The draw back is that if you were planning a vacation to the future it would be a permanent vacation. The physics and math will not allow you to reverse the process even if you threw your hypothetical time machine in reverse. In fact, doing that would bring you farther into the future. Plus, building a vehicle that can reach near the speed of light is impossible given our current technology.
We know that there is nothing in physics that says we cannot travel into the future. In fact, the laws of physics dictate that it is absolutely possible to travel into the future if one were able to reach near light speed, but what about the more romantic of the two, traveling into the past. We have previously illustrated that light speed will not help us get to our destination. Is there some other way that we can reach the past?
Open a photograph on your computer. Any photograph. Given today’s technology the photo is probably very clean and crisp looking. Now take the magnifying glass tool that should be located somewhere within your picture viewing software and zoom in as much as you can.

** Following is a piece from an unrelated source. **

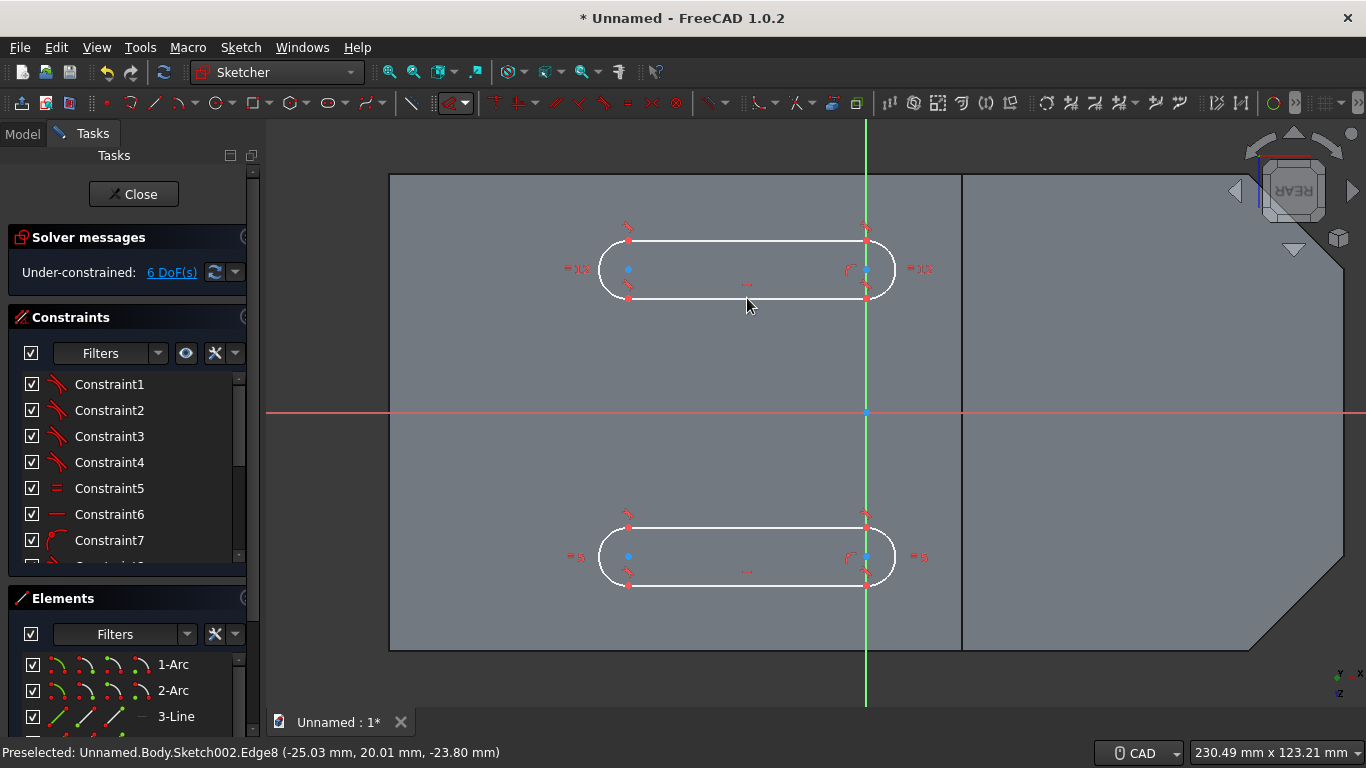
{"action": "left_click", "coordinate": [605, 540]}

What happened to your picture? It got pixilated didn’t it? You may even be able to see the tiny spaces between said pixels depending on how close your software allows you to zoom. What is true for that photograph is true for everything in the universe. Zoom in close enough and everything is pixilated. The pixels, in the case of the universe, are atoms and subatomic particles, but just like the photograph there is also space between these cosmic pixels. Physics says that the same thing is also true for the fourth dimension, time.

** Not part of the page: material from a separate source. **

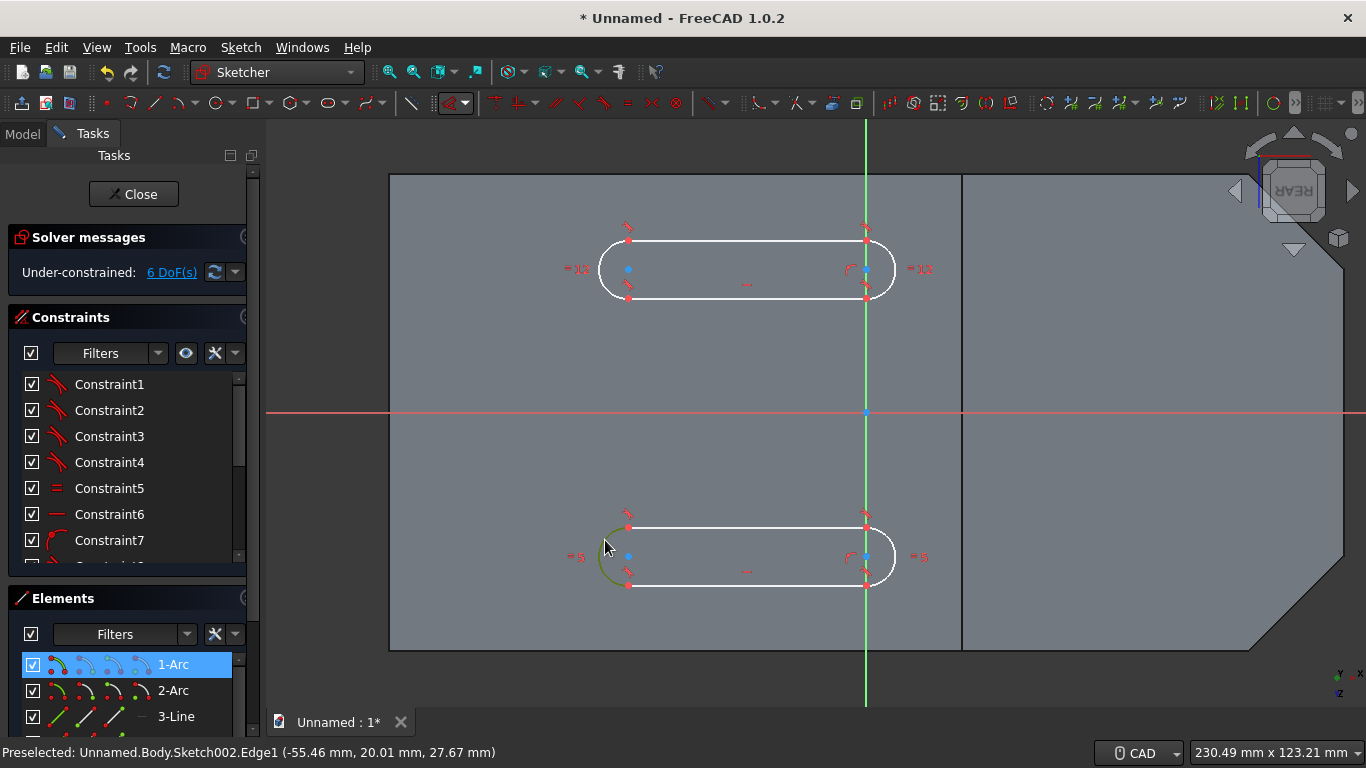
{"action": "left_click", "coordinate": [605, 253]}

Suppose we take our magnifying glass tool and zoomed in on time. We zoom in so close that we move beyond the realm of atoms and molecules and into an area that physicists call the quantum foam. Here we will find holes in time called wormholes. These holes in time can link two separate places and even two separate times together. It may be easier to imagine time as a blanket. Zoom in on the blanket and you will find wholes in the threading, these wholes lead out to the other side of the blanket. The same can be said for time except the wholes will lead to a different time and different space.
These wormholes are of course very tiny. No human could pass through them, unless some sort of new technology is discovered that could enlarge wormholes. This would allow humans to travel into the past. Unfortunately, technology like this is not going to come about in the near future and may never come about at all. This still is not the biggest problem for would be travelers to the past. There is a much larger dilemma, the paradoxes that are created by traveling to the past.

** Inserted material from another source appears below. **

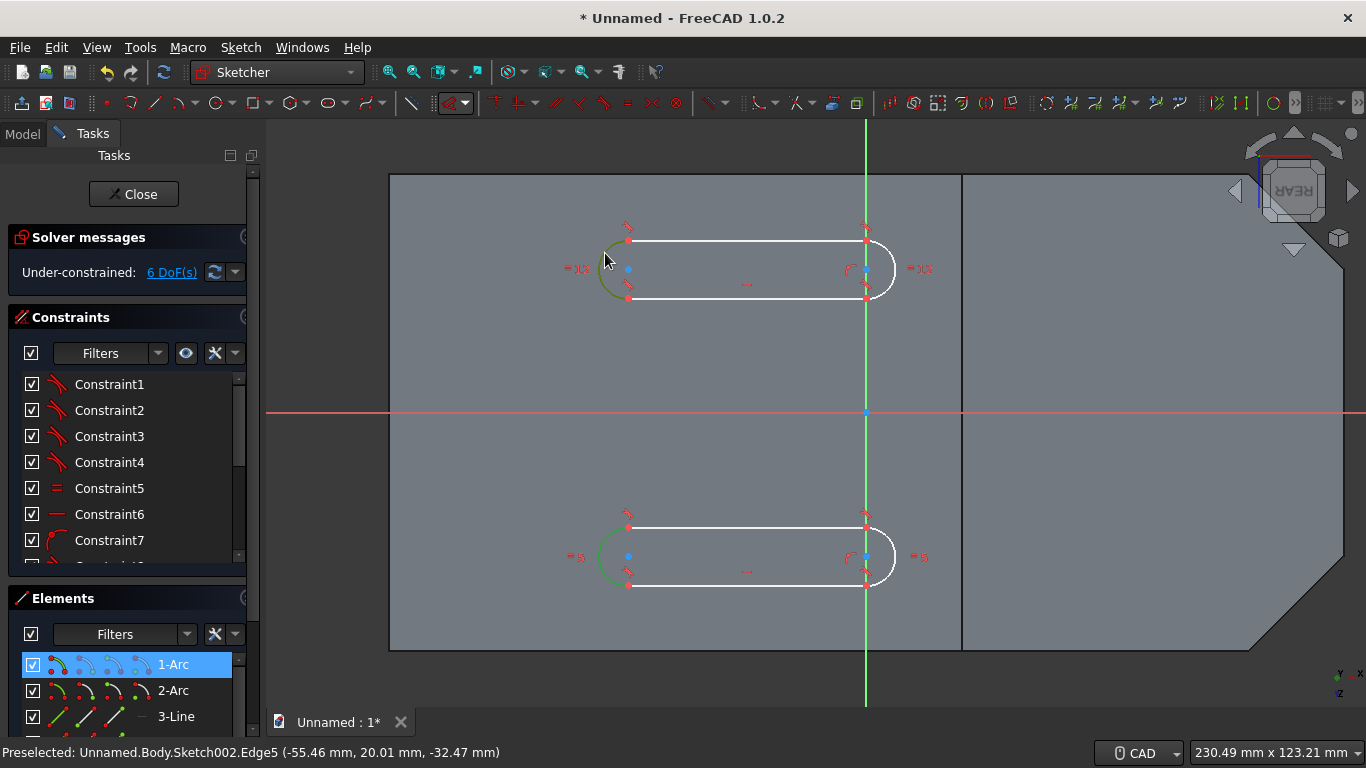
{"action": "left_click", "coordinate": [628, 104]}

I do not want to be cliché so I am going to avoid the very popular “grandfather paradox” and instead use an example often used by the great thinker and physicist Steven Hawking. Say a person some how enlarges a wormhole. The other end of the wormhole leads on minute into the past. This person begins to assemble a gun and points it at the wormhole. He fires into it.
The bullet soars through the wormhole and comes out one minute into the past; the bullet connects with the past version of the person killing him before he even has the chance to assemble the gun. So how did the past version get shot if he died before assembling the gun? It is a paradox, causes have to happen before effects and traveling into the past would destroy this idea, which is impossible. This along with some other complicated ideas like radiation feedback cause traveling to the past to be near impossible, in theory, anyway.
Human beings, though, are a resilient bunch. We have come a long way in a very short period of time and are determined to make the things we want reality. Science currently dictates a trip to the future is possible if and when the technology becomes available. Unfortunately, the consensus on traveling to the past is a bit murkier, but this universe is a bizarre one so never say never.